What a delight! Judith Schalansky’s Pocket Atlas of Remote Islands is a curious little book. A bit bigger than ‘pocket size’ (or maybe my pockets are too small….), a striking use of colour (bright orange paired with aqua blue fore-edges), and crammed with fascinating facts about islands that are essentially dots on a world map.
I think I’ve mentioned my love of maps before – clearly Schalansky shares that love. She grew up in East Germany, with an atlas – its lines, colours and names, replaced the real places that she could not visit. –
And as a child of the atlas, I had never travelled. The fact that a girl in my class had actually been born in Helsinki felt unimaginable.
In searching the atlas for her own country, the German Democratic Republic, Schalansky was surprised –
East Germans could not travel, only the Olympic team were allowed beyond our borders. It took a frighteningly long time to find. It was as pink and tiny as my smallest fingernail. This was hard to equate: at the Seoul Olympics we had been a force to reckon with, we had won more medals than the United States: how could we suddenly be so infinitesimal?
Schalansky’s first atlas was ‘committed to an ideology’ that –
…was clear from its map of the world, carefully positioned on a double-page spread so that the Federal Republic of Germany and the German Democratic Republic fell on two separate pages.

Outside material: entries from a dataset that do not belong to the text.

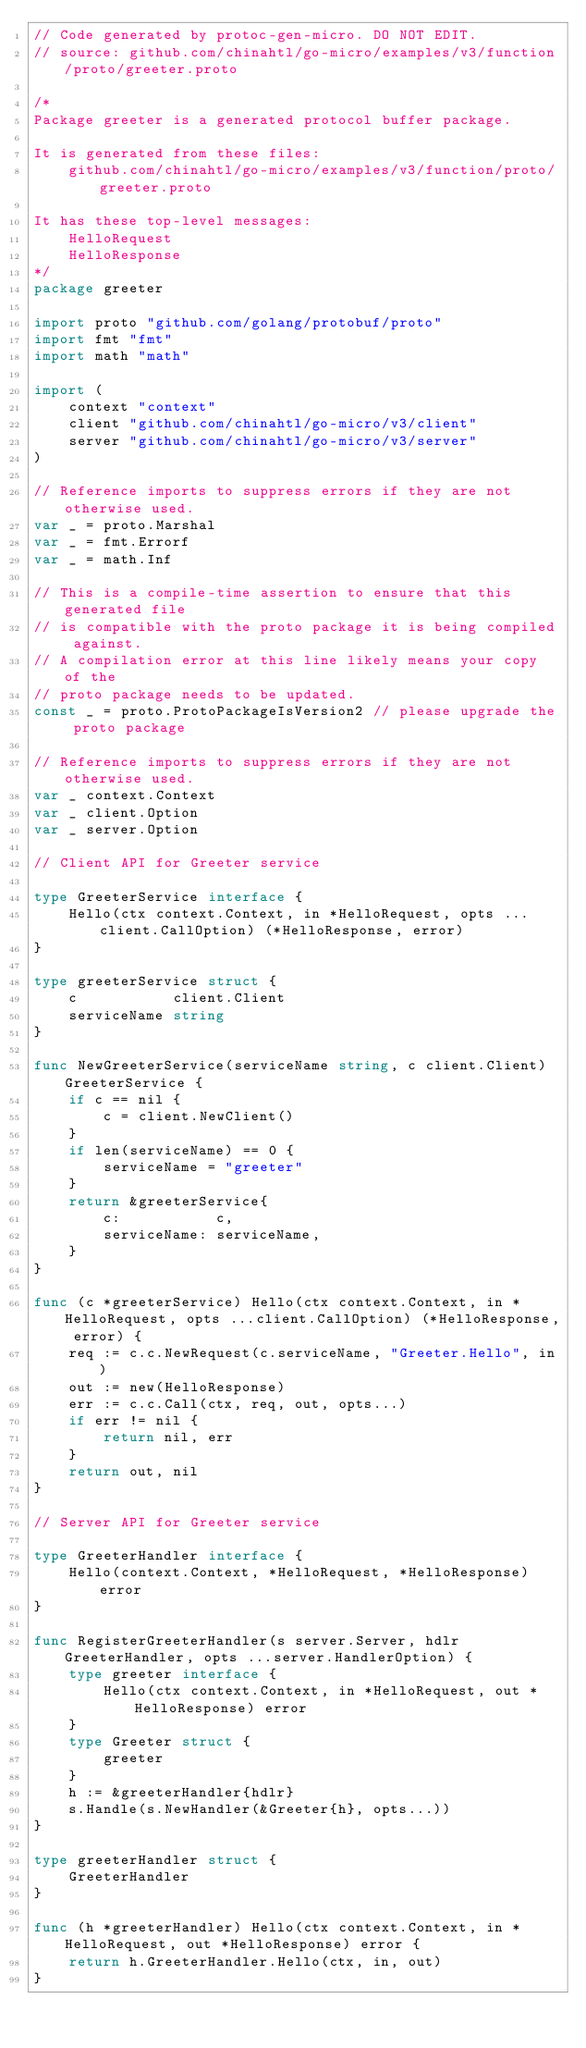Convert code to text. <code><loc_0><loc_0><loc_500><loc_500><_Go_>// Code generated by protoc-gen-micro. DO NOT EDIT.
// source: github.com/chinahtl/go-micro/examples/v3/function/proto/greeter.proto

/*
Package greeter is a generated protocol buffer package.

It is generated from these files:
	github.com/chinahtl/go-micro/examples/v3/function/proto/greeter.proto

It has these top-level messages:
	HelloRequest
	HelloResponse
*/
package greeter

import proto "github.com/golang/protobuf/proto"
import fmt "fmt"
import math "math"

import (
	context "context"
	client "github.com/chinahtl/go-micro/v3/client"
	server "github.com/chinahtl/go-micro/v3/server"
)

// Reference imports to suppress errors if they are not otherwise used.
var _ = proto.Marshal
var _ = fmt.Errorf
var _ = math.Inf

// This is a compile-time assertion to ensure that this generated file
// is compatible with the proto package it is being compiled against.
// A compilation error at this line likely means your copy of the
// proto package needs to be updated.
const _ = proto.ProtoPackageIsVersion2 // please upgrade the proto package

// Reference imports to suppress errors if they are not otherwise used.
var _ context.Context
var _ client.Option
var _ server.Option

// Client API for Greeter service

type GreeterService interface {
	Hello(ctx context.Context, in *HelloRequest, opts ...client.CallOption) (*HelloResponse, error)
}

type greeterService struct {
	c           client.Client
	serviceName string
}

func NewGreeterService(serviceName string, c client.Client) GreeterService {
	if c == nil {
		c = client.NewClient()
	}
	if len(serviceName) == 0 {
		serviceName = "greeter"
	}
	return &greeterService{
		c:           c,
		serviceName: serviceName,
	}
}

func (c *greeterService) Hello(ctx context.Context, in *HelloRequest, opts ...client.CallOption) (*HelloResponse, error) {
	req := c.c.NewRequest(c.serviceName, "Greeter.Hello", in)
	out := new(HelloResponse)
	err := c.c.Call(ctx, req, out, opts...)
	if err != nil {
		return nil, err
	}
	return out, nil
}

// Server API for Greeter service

type GreeterHandler interface {
	Hello(context.Context, *HelloRequest, *HelloResponse) error
}

func RegisterGreeterHandler(s server.Server, hdlr GreeterHandler, opts ...server.HandlerOption) {
	type greeter interface {
		Hello(ctx context.Context, in *HelloRequest, out *HelloResponse) error
	}
	type Greeter struct {
		greeter
	}
	h := &greeterHandler{hdlr}
	s.Handle(s.NewHandler(&Greeter{h}, opts...))
}

type greeterHandler struct {
	GreeterHandler
}

func (h *greeterHandler) Hello(ctx context.Context, in *HelloRequest, out *HelloResponse) error {
	return h.GreeterHandler.Hello(ctx, in, out)
}
</code>

On this map there was no wall dividing the two German countries, no Iron Curtain; instead, there was the blinding white, impassable edge of the page.
A year later, everything changed when the German Democratic Republic disappeared from the map and it suddenly became possible to travel the world – Schalansky, with her atlas, continued to explore from her parents’ sitting room, tracing places with her finger and whispering foreign names.
Her interest in remote islands came later – a globe in relief in the Berlin National Library; comparisons of map projections and how they skew space; and a typography professor sharing antique maps, all piqued her interest.
Many islands lie so far from their mother countries that they no longer fit on the maps of that country. They are mostly left out altogether, but sometimes they are granted a place at a cartographical side table, hemmed in by a framed box and with a separate scale measure squashed at the edge… They become footnotes to the mainland, expendable to an extent, but also disproportionately more interesting.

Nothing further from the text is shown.